A shareholder in the North Shore Steam Ferry Co. from 1892, Taylor was a director from 1899 when the company was reconstructed as Sydney Ferries Ltd. From this basis in local shipping, he acquired interlocking directorships in steamships, gas companies (purchasing coke for his vessels), iceworks (using a gas works' residual product, ammonia) and insurance. His business interests benefited from urban growth on the north shore and from financial management involving share-splitting. An original alderman on Mosman Municipal Council (1893-98), Taylor was mayor in 1896. In time he became chairman of Sydney Ferries Ltd, North Shore Gas Co. Ltd and New South Wales Fresh Food and Ice Co. Ltd, deputy-chairman of the Australian Gas Light Co., and a director of the Newcastle and Hunter River Steamship Co., Norwich Union Fire Insurance Society Ltd and Toohey's Ltd.
His accounting skills and command of technology earned Taylor respect in business circles: when he acted for the gas company in arbitration proceedings arising from the resumption of the Kent Street gas works, the sum awarded was substantially more than the government's initial offer.

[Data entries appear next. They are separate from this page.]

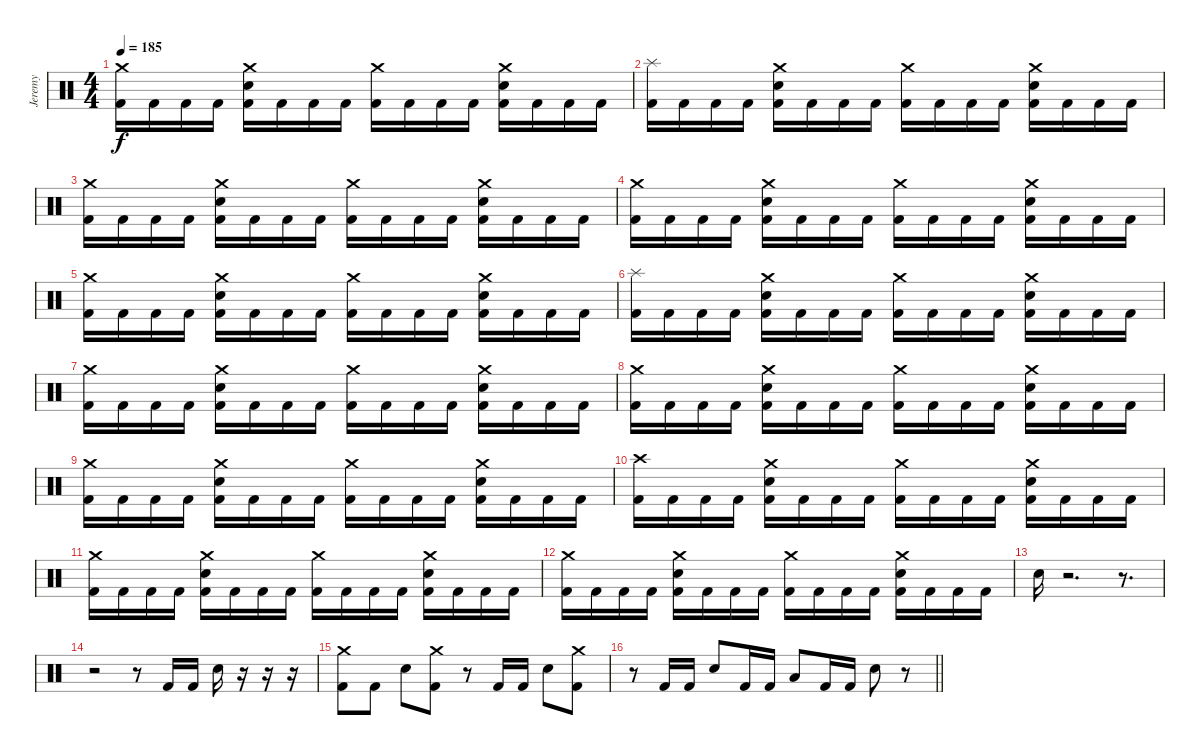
\track ("Jeremy" "Jeremy") {instrument percussion}
\staff {score}
\articulation defaults
\ts (4 4)
\tempo 185
\clef neutral
\ks c
("Crash medium (hit)" "Kick (hit) 2").16{dy f} "Kick (hit) 2".16 "Kick (hit) 2".16 "Kick (hit) 2".16 ("Crash medium (hit)" "Snare (hit) 2" "Kick (hit) 2").16 "Kick (hit) 2".16 "Kick (hit) 2".16 "Kick (hit) 2".16 ("Crash medium (hit)" "Kick (hit) 2").16 "Kick (hit) 2".16 "Kick (hit) 2".16 "Kick (hit) 2".16 ("Crash medium (hit)" "Snare (hit) 2" "Kick (hit) 2").16 "Kick (hit) 2".16 "Kick (hit) 2".16 "Kick (hit) 2".16 |
("Splash (hit)" "Kick (hit) 2").16 "Kick (hit) 2".16 "Kick (hit) 2".16 "Kick (hit) 2".16 ("Crash medium (hit)" "Snare (hit) 2" "Kick (hit) 2").16 "Kick (hit) 2".16 "Kick (hit) 2".16 "Kick (hit) 2".16 ("Crash medium (hit)" "Kick (hit) 2").16 "Kick (hit) 2".16 "Kick (hit) 2".16 "Kick (hit) 2".16 ("Crash medium (hit)" "Snare (hit) 2" "Kick (hit) 2").16 "Kick (hit) 2".16 "Kick (hit) 2".16 "Kick (hit) 2".16 |
("Crash medium (hit)" "Kick (hit) 2").16 "Kick (hit) 2".16 "Kick (hit) 2".16 "Kick (hit) 2".16 ("Crash medium (hit)" "Snare (hit) 2" "Kick (hit) 2").16 "Kick (hit) 2".16 "Kick (hit) 2".16 "Kick (hit) 2".16 ("Crash medium (hit)" "Kick (hit) 2").16 "Kick (hit) 2".16 "Kick (hit) 2".16 "Kick (hit) 2".16 ("Crash medium (hit)" "Snare (hit) 2" "Kick (hit) 2").16 "Kick (hit) 2".16 "Kick (hit) 2".16 "Kick (hit) 2".16 |
("Crash medium (hit)" "Kick (hit) 2").16 "Kick (hit) 2".16 "Kick (hit) 2".16 "Kick (hit) 2".16 ("Crash medium (hit)" "Snare (hit) 2" "Kick (hit) 2").16 "Kick (hit) 2".16 "Kick (hit) 2".16 "Kick (hit) 2".16 ("Crash medium (hit)" "Kick (hit) 2").16 "Kick (hit) 2".16 "Kick (hit) 2".16 "Kick (hit) 2".16 ("Crash medium (hit)" "Snare (hit) 2" "Kick (hit) 2").16 "Kick (hit) 2".16 "Kick (hit) 2".16 "Kick (hit) 2".16 |
("Crash medium (hit)" "Kick (hit) 2").16 "Kick (hit) 2".16 "Kick (hit) 2".16 "Kick (hit) 2".16 ("Crash medium (hit)" "Snare (hit) 2" "Kick (hit) 2").16 "Kick (hit) 2".16 "Kick (hit) 2".16 "Kick (hit) 2".16 ("Crash medium (hit)" "Kick (hit) 2").16 "Kick (hit) 2".16 "Kick (hit) 2".16 "Kick (hit) 2".16 ("Crash medium (hit)" "Snare (hit) 2" "Kick (hit) 2").16 "Kick (hit) 2".16 "Kick (hit) 2".16 "Kick (hit) 2".16 |
("Splash (hit)" "Kick (hit) 2").16 "Kick (hit) 2".16 "Kick (hit) 2".16 "Kick (hit) 2".16 ("Crash medium (hit)" "Snare (hit) 2" "Kick (hit) 2").16 "Kick (hit) 2".16 "Kick (hit) 2".16 "Kick (hit) 2".16 ("Crash medium (hit)" "Kick (hit) 2").16 "Kick (hit) 2".16 "Kick (hit) 2".16 "Kick (hit) 2".16 ("Crash medium (hit)" "Snare (hit) 2" "Kick (hit) 2").16 "Kick (hit) 2".16 "Kick (hit) 2".16 "Kick (hit) 2".16 |
("Crash medium (hit)" "Kick (hit) 2").16 "Kick (hit) 2".16 "Kick (hit) 2".16 "Kick (hit) 2".16 ("Crash medium (hit)" "Snare (hit) 2" "Kick (hit) 2").16 "Kick (hit) 2".16 "Kick (hit) 2".16 "Kick (hit) 2".16 ("Crash medium (hit)" "Kick (hit) 2").16 "Kick (hit) 2".16 "Kick (hit) 2".16 "Kick (hit) 2".16 ("Crash medium (hit)" "Snare (hit) 2" "Kick (hit) 2").16 "Kick (hit) 2".16 "Kick (hit) 2".16 "Kick (hit) 2".16 |
("Crash medium (hit)" "Kick (hit) 2").16 "Kick (hit) 2".16 "Kick (hit) 2".16 "Kick (hit) 2".16 ("Crash medium (hit)" "Snare (hit) 2" "Kick (hit) 2").16 "Kick (hit) 2".16 "Kick (hit) 2".16 "Kick (hit) 2".16 ("Crash medium (hit)" "Kick (hit) 2").16 "Kick (hit) 2".16 "Kick (hit) 2".16 "Kick (hit) 2".16 ("Crash medium (hit)" "Snare (hit) 2" "Kick (hit) 2").16 "Kick (hit) 2".16 "Kick (hit) 2".16 "Kick (hit) 2".16 |
("Crash medium (hit)" "Kick (hit) 2").16 "Kick (hit) 2".16 "Kick (hit) 2".16 "Kick (hit) 2".16 ("Crash medium (hit)" "Snare (hit) 2" "Kick (hit) 2").16 "Kick (hit) 2".16 "Kick (hit) 2".16 "Kick (hit) 2".16 ("Crash medium (hit)" "Kick (hit) 2").16 "Kick (hit) 2".16 "Kick (hit) 2".16 "Kick (hit) 2".16 ("Crash medium (hit)" "Snare (hit) 2" "Kick (hit) 2").16 "Kick (hit) 2".16 "Kick (hit) 2".16 "Kick (hit) 2".16 |
("Crash high (hit)" "Kick (hit) 2").16 "Kick (hit) 2".16 "Kick (hit) 2".16 "Kick (hit) 2".16 ("Crash medium (hit)" "Snare (hit) 2" "Kick (hit) 2").16 "Kick (hit) 2".16 "Kick (hit) 2".16 "Kick (hit) 2".16 ("Crash medium (hit)" "Kick (hit) 2").16 "Kick (hit) 2".16 "Kick (hit) 2".16 "Kick (hit) 2".16 ("Crash medium (hit)" "Snare (hit) 2" "Kick (hit) 2").16 "Kick (hit) 2".16 "Kick (hit) 2".16 "Kick (hit) 2".16 |
("Crash medium (hit)" "Kick (hit) 2").16 "Kick (hit) 2".16 "Kick (hit) 2".16 "Kick (hit) 2".16 ("Crash medium (hit)" "Snare (hit) 2" "Kick (hit) 2").16 "Kick (hit) 2".16 "Kick (hit) 2".16 "Kick (hit) 2".16 ("Crash medium (hit)" "Kick (hit) 2").16 "Kick (hit) 2".16 "Kick (hit) 2".16 "Kick (hit) 2".16 ("Crash medium (hit)" "Snare (hit) 2" "Kick (hit) 2").16 "Kick (hit) 2".16 "Kick (hit) 2".16 "Kick (hit) 2".16 |
("Crash medium (hit)" "Kick (hit) 2").16 "Kick (hit) 2".16 "Kick (hit) 2".16 "Kick (hit) 2".16 ("Crash medium (hit)" "Snare (hit) 2" "Kick (hit) 2").16 "Kick (hit) 2".16 "Kick (hit) 2".16 "Kick (hit) 2".16 ("Crash medium (hit)" "Kick (hit) 2").16 "Kick (hit) 2".16 "Kick (hit) 2".16 "Kick (hit) 2".16 ("Crash medium (hit)" "Snare (hit) 2" "Kick (hit) 2").16 "Kick (hit) 2".16 "Kick (hit) 2".16 "Kick (hit) 2".16 |
"Snare (hit) 2".16 r.2{d} r.8{d} |
r.2 r.8 "Kick (hit) 2".16 "Kick (hit) 2".16 "Snare (hit) 2".16 r.16 r.16 r.16 |
("Crash medium (hit)" "Kick (hit) 2").8 "Kick (hit) 2".8 "Snare (hit) 2".8 ("Crash medium (hit)" "Kick (hit) 2").8 r.8 "Kick (hit) 2".16 "Kick (hit) 2".16 "Snare (hit) 2".8 ("Crash medium (hit)" "Kick (hit) 2").8 |
\barLineRight lightlight
r.8 "Kick (hit) 2".16 "Kick (hit) 2".16 "Snare (hit) 2".8 "Kick (hit) 2".16 "Kick (hit) 2".16 "Low Tom (hit)".8 "Kick (hit) 2".16 "Kick (hit) 2".16 "Snare (hit) 2".8 r.8

Two of his three sons served in World War I: Kenneth was killed in action in France and (Sir) Gordon served in the Royal Flying Corps. After the gas works had become involved in the 1917 strike, Taylor arranged evening entertainments for the volunteers who replaced the strikers. He was one of the negotiators when W. A. Holman and his followers joined the Liberals to form the National Party. Taylor remained influential in the new party and raised funds for it. He was nominated to the Legislative Council in 1917. His gas company was allowed a remission of £14,000 for losses incurred in the 1917 strike and shortly afterwards was permitted to increase the price of gas. Next year Taylor replaced J. Chalmers on the Commonwealth royal commission on defence and signed its report on naval administration.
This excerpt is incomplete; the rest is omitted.